Так началась Любкина воровская жизнь. И он быстро приспособился к ней. Было вольготно и привольно без мыслей о завтрашнем дне, без тяжелого каждодневного труда, без этого гула одинаковых мыслей и дел, исподволь превращавших одну шестую земного шара в гигантский концентрационный лагерь.
— Эх, Любка, — любил говаривать хозяин дома, Черный или Тятя, как его часто теперь величал Любка. — Ну что бы ты была без нас? Крестьянка, колхозница — в лучшем случае. Но я думаю, что у бабки твоей своя корова была, да лошаденка. Так ведь? А это значит — кулачка она, да и ты вместе с нею. И не сгори твое село, выслали бы тебя «товарищи» в Сибирь или в Казахстан на голодный паек, а то и прикончили бы на месте со всеми твоими родственниками. Я ведь, Петя, ну, ну ладно, Люба, — я ведь тоже труд люблю да оседлую жизнь, без крови и грязи этой. Но труд-то свободным должен быть. А ты гляди — честные фраера вкалывают, а кому весь навар достается? Новой банде, что себя коммунистами называет. Старая власть была — что пиявки, пососут кровь да отвалятся. А новые — что удав ненасытный чем больше ему даешь, тем больше он силы набирает и тем туже тебя давит … Ты, Любка, в лагере будешь, так сам поймешь, что к чему. А пока радуйся, что ты на этой греховной стезе, с ворами, ибо любой открытый грех — лучше, чем кровопийство, прикрытое законами и людской трусостью!
И Любка слушал, но не принимал эти слова близко к сердцу ибо еще не было у него своего, нажитого тюрьмой опыта. После ночных рейдов и «операций» Любка долго отсыпался, нежась на широкой, чистой постели. Домашнюю работу его уже не заставляли делать. Черный готовил и убирался в доме сам.
— Ты, Любка, наша женщина-полюбовница. Тебя хранить и беречь надобно. Какая из тебя наводчица, ежели ты после кухни выйдешь на дело мятая, потная да с черными ногтями?

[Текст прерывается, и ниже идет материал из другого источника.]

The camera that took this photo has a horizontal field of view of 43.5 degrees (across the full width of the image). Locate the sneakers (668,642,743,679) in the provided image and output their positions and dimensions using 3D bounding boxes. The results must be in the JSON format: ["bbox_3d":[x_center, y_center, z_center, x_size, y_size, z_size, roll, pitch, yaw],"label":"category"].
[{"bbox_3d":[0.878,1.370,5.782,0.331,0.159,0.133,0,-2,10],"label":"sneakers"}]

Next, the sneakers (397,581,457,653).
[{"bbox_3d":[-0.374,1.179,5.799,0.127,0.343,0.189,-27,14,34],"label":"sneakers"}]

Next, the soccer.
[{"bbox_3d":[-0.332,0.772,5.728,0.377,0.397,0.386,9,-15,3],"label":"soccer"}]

Ты уж все эти женские штуки-то употребляй: одеколоны да духи, чтоб для мужиков быть сладкой, да приятной.
И Любка старался следовать этим поучениям, тем более, что они были ему по душе. Только две занозы сидели в его памяти: не мог он забыть своего первого «мужа» — Михаила Петровича, да «мокрые дела» пугали его и вызывали неукротимую рвоту.

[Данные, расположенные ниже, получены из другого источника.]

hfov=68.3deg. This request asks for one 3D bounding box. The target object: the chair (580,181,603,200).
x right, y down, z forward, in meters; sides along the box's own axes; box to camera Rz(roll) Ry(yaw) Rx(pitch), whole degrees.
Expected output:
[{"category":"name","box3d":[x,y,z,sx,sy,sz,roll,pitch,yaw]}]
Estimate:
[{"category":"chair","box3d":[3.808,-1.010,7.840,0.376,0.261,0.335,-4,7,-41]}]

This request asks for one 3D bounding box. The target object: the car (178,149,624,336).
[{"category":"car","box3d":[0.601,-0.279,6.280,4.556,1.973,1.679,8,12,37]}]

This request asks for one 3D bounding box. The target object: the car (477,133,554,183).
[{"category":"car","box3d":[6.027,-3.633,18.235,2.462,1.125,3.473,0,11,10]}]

— Ты, Любка, все ж таки не настоящая воровка: и чего ты рыгаешь, когда кровь течет? — говаривал Черный.
— Не могу я глядеть, как человека убивают — ведь больно и страшно ему, а мне муторно и тяжко: ведь душу, душу насильно мы отнимаем!
— А ты думай как я — не человек это, а зверь, кровопийца, истукан каменный.
— А если ребенок, али старик слабый?
— А мы хоть одного такого убили? Я вот как иду на дело, всегда свою семью вспоминаю. В 22-м вкатились в нашу деревню «товарищи». Как стали выволакивать из погреба зерно, а ведь зима подходила, и нас, ребятишек, в семье было семеро, мал-мала… Мать моя завопила в беспамятстве да слабыми руками за мешок и ухватись, а черный, весь в ремнях комиссар и вдарил ее в живот сапогом. Неделю мучилась и отошла, память ей вечная. Я после того из дома ушел, к ворам прибился, в твоих годах тогда был. Я ведь молодой, Любка, не гляди, что голова седая! С тех пор и кличку себе приспособил — Черный — я ведь для этих блядей-коммунистов — враг черный!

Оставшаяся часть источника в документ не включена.